The Impossibility of Opposing Coal and Fracking Simultaneously



David Nabhan By Wednesday, 24 April 2019 04:37 PM Current | Bio | Archive

The leading environmental groups in the U.S. are for one reason or another against coal.

There’s the very uncomfortable fact, however, that every two tons of steel produced necessitates one ton of coal.

Those activists with knowledge of the chemistry of smelting raw ore into steel are aware that, aside from minuscule experimental quantities, forging iron requires hydrocarbons —either coal, firewood, gas, or oil — and have an answer for how to prevent world civilization from crashing should coal shipments be derailed to steel mills.

"Switch to natural gas," informed and level-headed ecologists will respond.

That seems at least a plausible answer too.

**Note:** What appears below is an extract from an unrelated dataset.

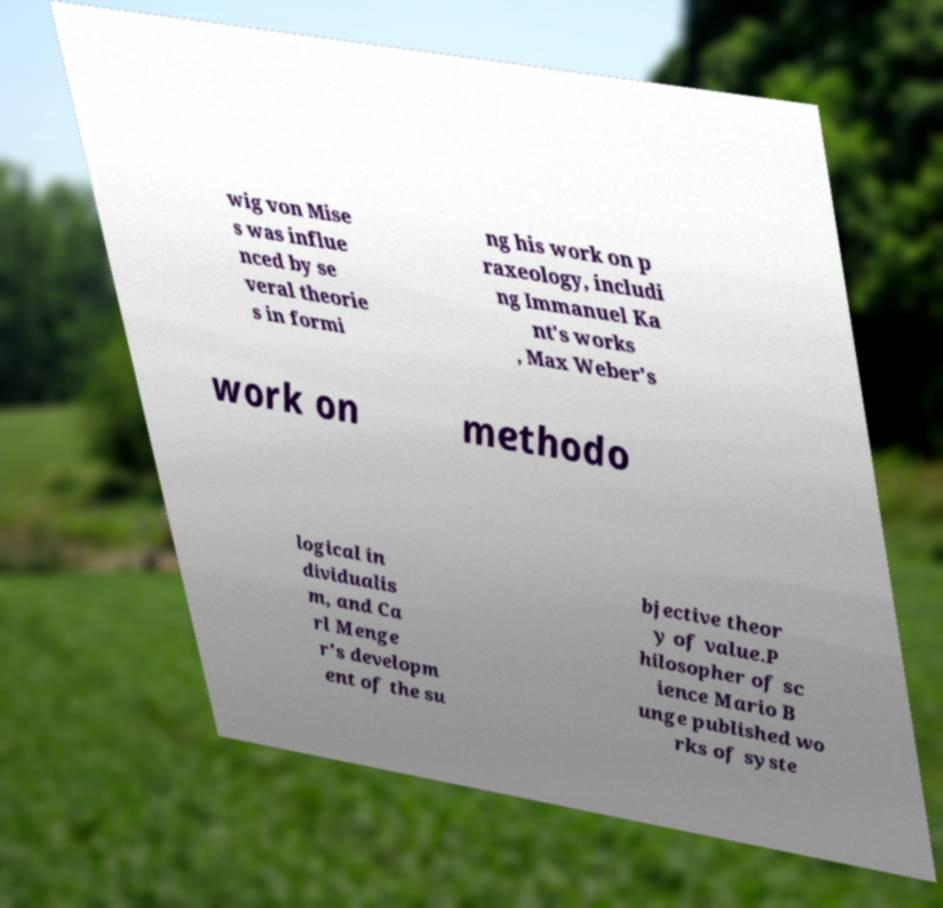Can you accurately transcribe the text from the provided image for me? wig von Mise s was influe nced by se veral theorie s in formi ng his work on p raxeology, includi ng Immanuel Ka nt's works , Max Weber's work on methodo logical in dividualis m, and Ca rl Menge r's developm ent of the su bjective theor y of value.P hilosopher of sc ience Mario B unge published wo rks of syste

Depending on whose accountant is calculating the figures, there’s a case to be made that methane could be actually cheaper to use than coal (coke) in steel-making.

Peter Warrian, a steel expert at the University of Toronto, has predicted that the natural gas process "will replace blast furnaces within the next decade." Again, that’s not a prediction made based on bureaucrats and protesters demanding changes that may or may not be possible, but due to the normal and customary market forces that prevail in any industry regarding any product.

Last year 1.7 billion metric tons of steel were fabricated worldwide — 71% of that steel was made using traditional blast furnace methods with coal, so as the remainder indicates, the industry is already making use of natural gas to a sizable extent.

The prospect of the free market directing steel-making away from coal should hearten anti-coal environmentalists, and one might naturally expect them to be big supporters of substituting natural gas to fill the void created if coal is left in the ground, as they have advised for so long.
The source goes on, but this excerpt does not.